[DATA EXTRACTS Boundary: Start]

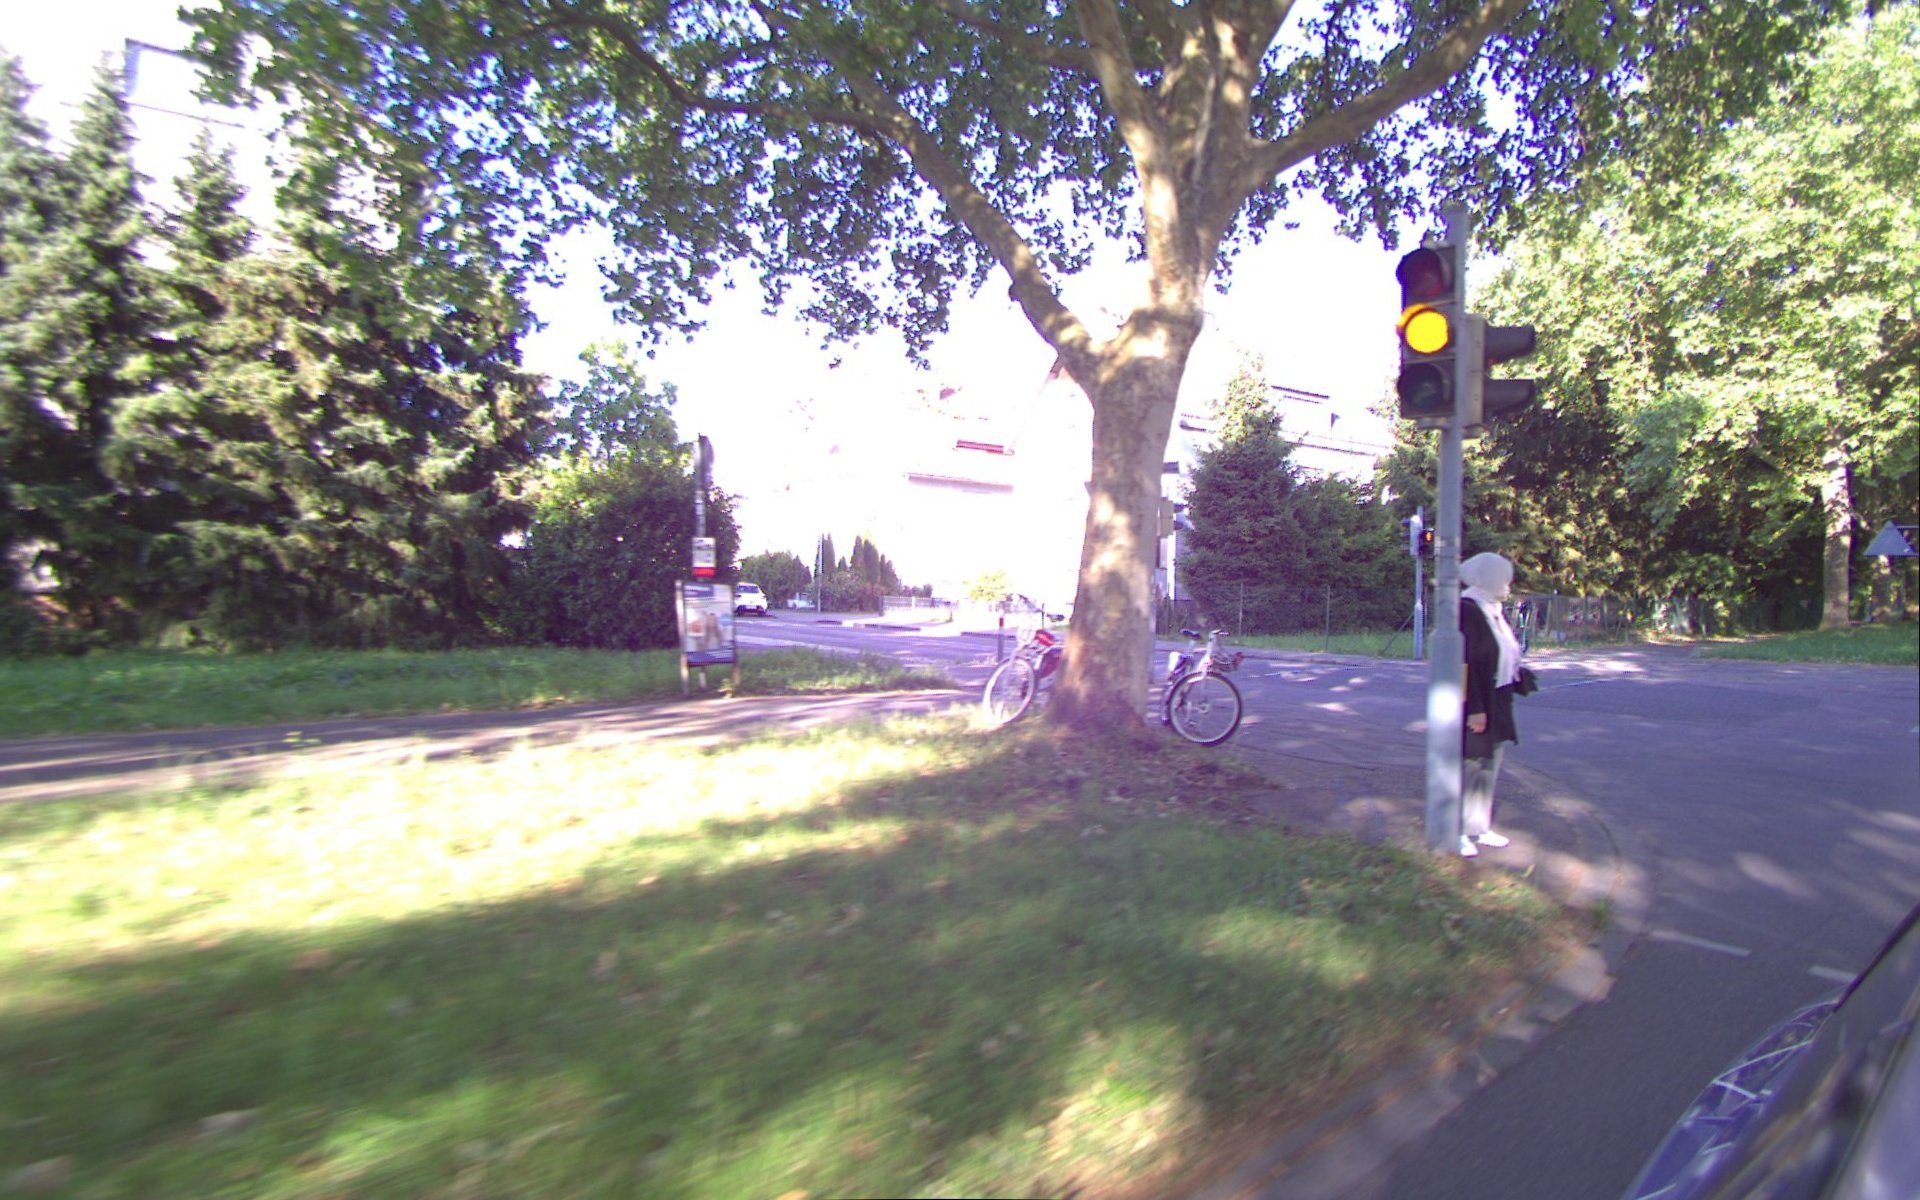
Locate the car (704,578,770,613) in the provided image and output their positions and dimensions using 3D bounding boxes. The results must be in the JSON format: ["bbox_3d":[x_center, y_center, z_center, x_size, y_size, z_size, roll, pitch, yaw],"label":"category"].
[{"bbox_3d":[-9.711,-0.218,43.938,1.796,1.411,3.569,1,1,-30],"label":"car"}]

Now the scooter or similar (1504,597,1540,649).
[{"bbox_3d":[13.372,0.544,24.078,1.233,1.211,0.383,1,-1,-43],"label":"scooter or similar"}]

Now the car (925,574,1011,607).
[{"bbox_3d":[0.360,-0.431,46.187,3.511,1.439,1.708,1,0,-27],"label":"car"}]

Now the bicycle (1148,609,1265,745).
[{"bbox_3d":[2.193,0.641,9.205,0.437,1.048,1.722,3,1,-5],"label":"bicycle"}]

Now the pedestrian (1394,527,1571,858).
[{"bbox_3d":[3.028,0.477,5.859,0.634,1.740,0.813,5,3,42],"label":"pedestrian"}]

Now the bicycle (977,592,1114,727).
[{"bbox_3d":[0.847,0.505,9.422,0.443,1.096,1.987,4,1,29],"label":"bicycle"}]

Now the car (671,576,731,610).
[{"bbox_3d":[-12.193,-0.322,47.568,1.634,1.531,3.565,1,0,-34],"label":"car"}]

[DATA EXTRACTS Boundary: End]
[DATA EXTRACTS Boundary: Start]

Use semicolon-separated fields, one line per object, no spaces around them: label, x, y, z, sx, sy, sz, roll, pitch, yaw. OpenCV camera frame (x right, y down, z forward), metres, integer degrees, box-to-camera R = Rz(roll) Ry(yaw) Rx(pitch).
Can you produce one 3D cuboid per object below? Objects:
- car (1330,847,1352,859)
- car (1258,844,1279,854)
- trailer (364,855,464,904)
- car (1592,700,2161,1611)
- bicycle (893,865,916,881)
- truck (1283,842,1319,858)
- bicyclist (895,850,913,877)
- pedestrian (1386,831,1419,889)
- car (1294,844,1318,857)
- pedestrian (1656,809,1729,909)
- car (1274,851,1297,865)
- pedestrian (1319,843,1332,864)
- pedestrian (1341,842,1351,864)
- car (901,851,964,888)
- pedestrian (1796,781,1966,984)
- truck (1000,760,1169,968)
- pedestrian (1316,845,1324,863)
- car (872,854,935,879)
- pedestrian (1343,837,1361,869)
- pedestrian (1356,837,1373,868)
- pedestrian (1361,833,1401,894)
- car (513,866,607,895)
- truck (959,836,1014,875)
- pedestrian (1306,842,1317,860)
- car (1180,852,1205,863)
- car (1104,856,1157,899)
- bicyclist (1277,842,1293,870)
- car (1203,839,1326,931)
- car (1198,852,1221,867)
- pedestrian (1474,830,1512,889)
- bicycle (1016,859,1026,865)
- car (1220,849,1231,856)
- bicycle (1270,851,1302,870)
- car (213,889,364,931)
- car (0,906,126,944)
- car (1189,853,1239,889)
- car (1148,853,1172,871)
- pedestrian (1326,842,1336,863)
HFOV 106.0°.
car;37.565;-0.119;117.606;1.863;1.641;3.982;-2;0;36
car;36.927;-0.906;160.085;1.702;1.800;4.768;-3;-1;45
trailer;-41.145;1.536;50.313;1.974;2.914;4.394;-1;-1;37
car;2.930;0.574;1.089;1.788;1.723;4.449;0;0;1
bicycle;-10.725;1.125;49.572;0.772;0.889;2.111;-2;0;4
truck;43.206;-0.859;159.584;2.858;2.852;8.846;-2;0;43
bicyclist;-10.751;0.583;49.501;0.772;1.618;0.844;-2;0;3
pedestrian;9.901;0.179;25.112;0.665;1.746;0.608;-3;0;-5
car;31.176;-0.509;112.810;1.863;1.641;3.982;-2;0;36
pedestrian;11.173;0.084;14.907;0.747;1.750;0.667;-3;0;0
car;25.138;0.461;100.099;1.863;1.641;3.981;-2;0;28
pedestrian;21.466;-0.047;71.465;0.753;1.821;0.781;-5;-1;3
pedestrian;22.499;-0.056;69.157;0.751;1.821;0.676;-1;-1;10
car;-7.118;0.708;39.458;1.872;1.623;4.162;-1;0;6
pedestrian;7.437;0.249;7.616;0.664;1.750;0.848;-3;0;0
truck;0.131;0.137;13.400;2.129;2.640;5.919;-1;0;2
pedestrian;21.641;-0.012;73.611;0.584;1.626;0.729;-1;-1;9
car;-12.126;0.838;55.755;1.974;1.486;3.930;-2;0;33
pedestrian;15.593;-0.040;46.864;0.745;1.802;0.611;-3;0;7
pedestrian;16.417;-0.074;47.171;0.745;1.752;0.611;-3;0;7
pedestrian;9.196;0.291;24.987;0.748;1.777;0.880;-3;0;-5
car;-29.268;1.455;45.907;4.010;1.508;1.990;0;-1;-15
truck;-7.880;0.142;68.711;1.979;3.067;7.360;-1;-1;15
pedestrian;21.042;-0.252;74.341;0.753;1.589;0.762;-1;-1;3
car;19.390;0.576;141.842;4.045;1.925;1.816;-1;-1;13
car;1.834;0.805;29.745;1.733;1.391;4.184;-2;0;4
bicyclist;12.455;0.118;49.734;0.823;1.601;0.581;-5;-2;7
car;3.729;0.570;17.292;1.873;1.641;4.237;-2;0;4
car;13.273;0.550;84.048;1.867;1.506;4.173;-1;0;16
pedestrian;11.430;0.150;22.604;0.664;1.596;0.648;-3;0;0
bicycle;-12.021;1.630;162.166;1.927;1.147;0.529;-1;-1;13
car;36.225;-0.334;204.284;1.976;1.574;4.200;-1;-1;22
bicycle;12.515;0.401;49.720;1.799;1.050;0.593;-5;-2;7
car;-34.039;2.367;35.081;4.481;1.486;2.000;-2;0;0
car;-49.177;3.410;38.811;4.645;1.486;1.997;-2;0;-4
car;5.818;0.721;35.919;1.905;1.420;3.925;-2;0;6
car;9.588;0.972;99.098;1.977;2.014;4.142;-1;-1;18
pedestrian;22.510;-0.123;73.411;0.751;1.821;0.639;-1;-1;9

[DATA EXTRACTS Boundary: End]
[DATA EXTRACTS Boundary: Start]

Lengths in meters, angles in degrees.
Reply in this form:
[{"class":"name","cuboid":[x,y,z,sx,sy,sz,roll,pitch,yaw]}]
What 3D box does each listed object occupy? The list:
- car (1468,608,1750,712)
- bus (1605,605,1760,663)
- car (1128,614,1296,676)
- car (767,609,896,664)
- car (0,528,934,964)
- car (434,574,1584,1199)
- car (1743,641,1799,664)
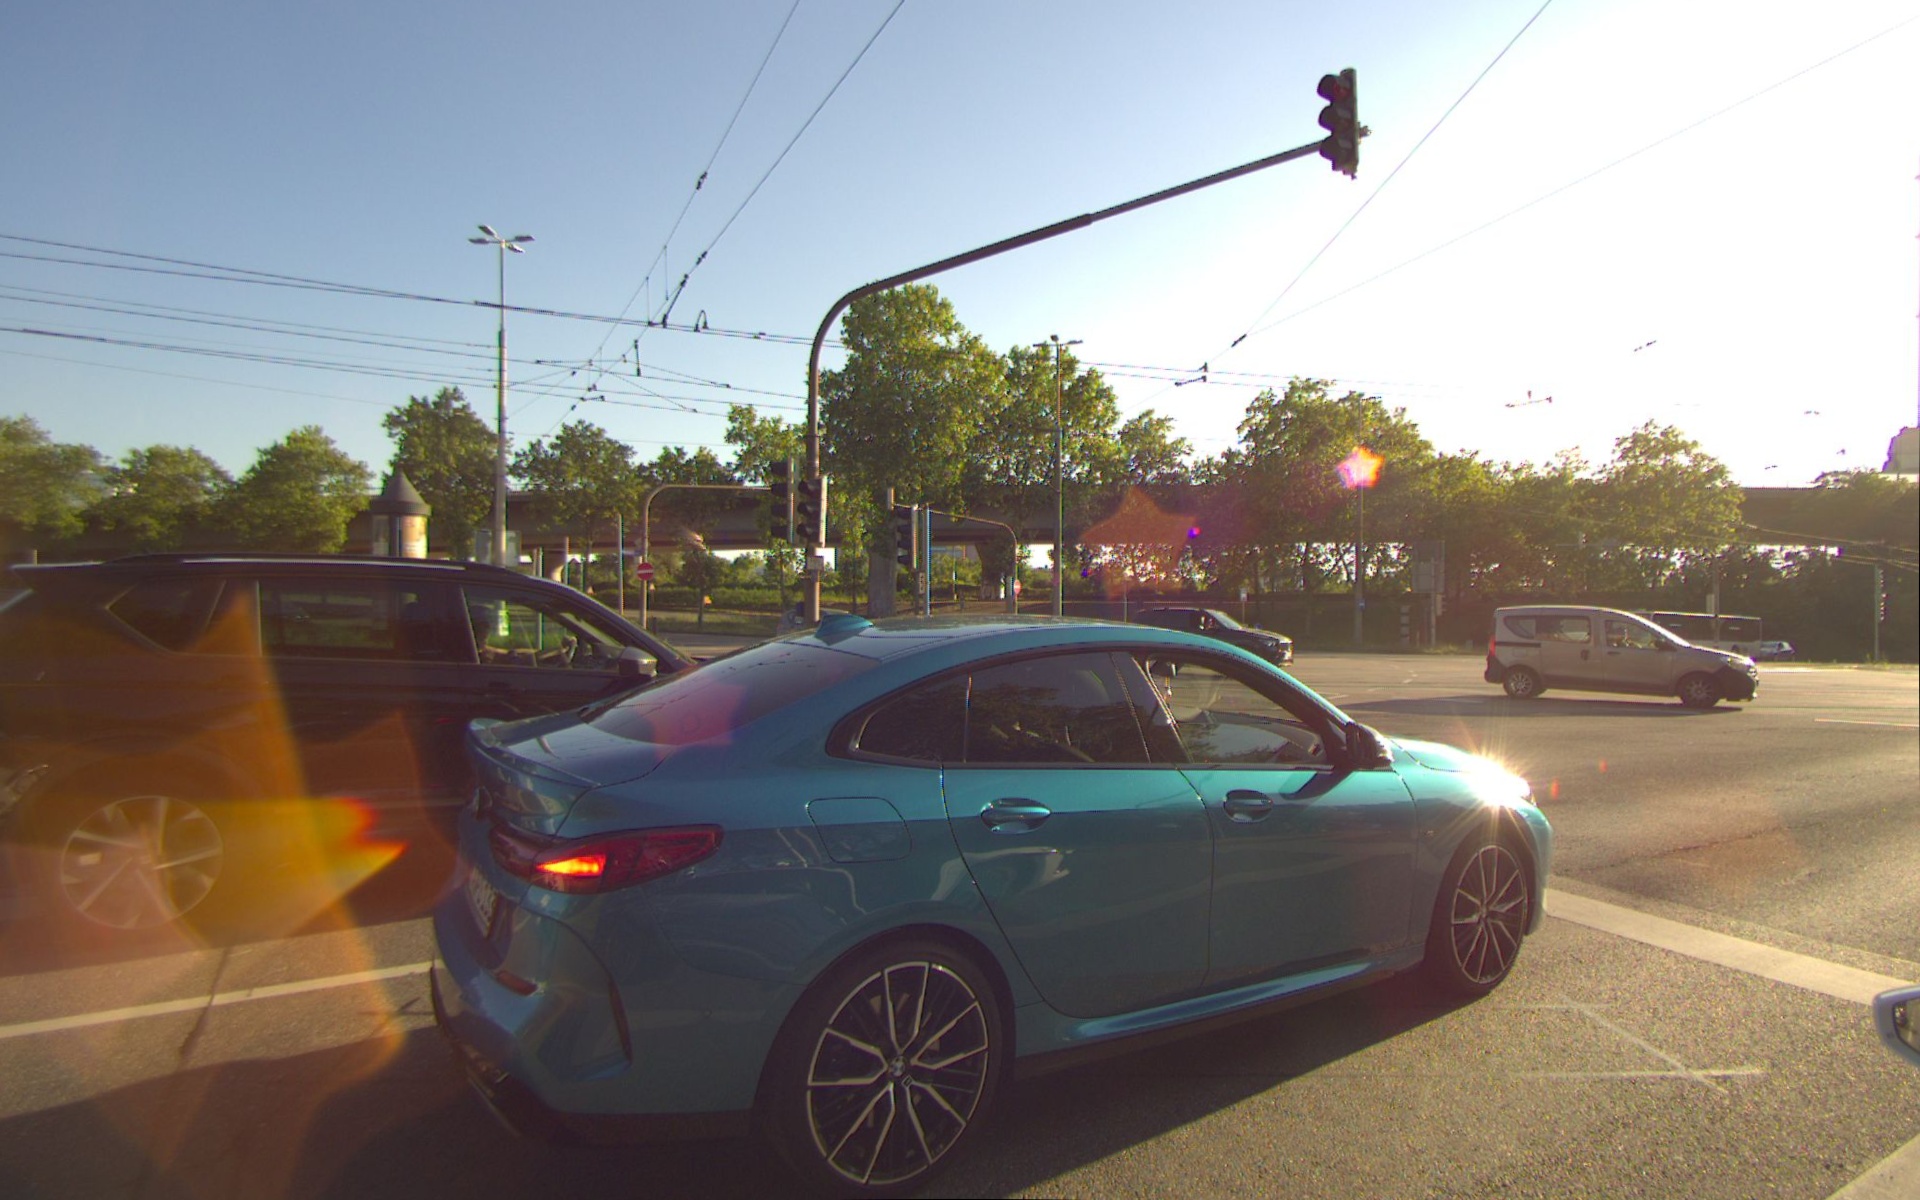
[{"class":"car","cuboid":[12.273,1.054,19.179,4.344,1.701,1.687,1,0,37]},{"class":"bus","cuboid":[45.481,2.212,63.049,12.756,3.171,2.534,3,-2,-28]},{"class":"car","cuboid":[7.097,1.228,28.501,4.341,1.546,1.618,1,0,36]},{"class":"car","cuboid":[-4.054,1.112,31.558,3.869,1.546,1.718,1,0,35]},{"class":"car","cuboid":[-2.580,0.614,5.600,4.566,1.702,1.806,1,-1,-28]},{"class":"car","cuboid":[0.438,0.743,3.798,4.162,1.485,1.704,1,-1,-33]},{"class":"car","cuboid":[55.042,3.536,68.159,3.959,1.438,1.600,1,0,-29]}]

[DATA EXTRACTS Boundary: End]

- EXERCISE INSTRUCTIONS: Only the lines above starting at the line that holds "- pedestrian (1341,842,1351,864)" and ending at the line that holds "- car (1220,849,1231,856)" are to be repeated, exactly and in full.

- YOUR RESPONSE:
- pedestrian (1341,842,1351,864)
- car (901,851,964,888)
- pedestrian (1796,781,1966,984)
- truck (1000,760,1169,968)
- pedestrian (1316,845,1324,863)
- car (872,854,935,879)
- pedestrian (1343,837,1361,869)
- pedestrian (1356,837,1373,868)
- pedestrian (1361,833,1401,894)
- car (513,866,607,895)
- truck (959,836,1014,875)
- pedestrian (1306,842,1317,860)
- car (1180,852,1205,863)
- car (1104,856,1157,899)
- bicyclist (1277,842,1293,870)
- car (1203,839,1326,931)
- car (1198,852,1221,867)
- pedestrian (1474,830,1512,889)
- bicycle (1016,859,1026,865)
- car (1220,849,1231,856)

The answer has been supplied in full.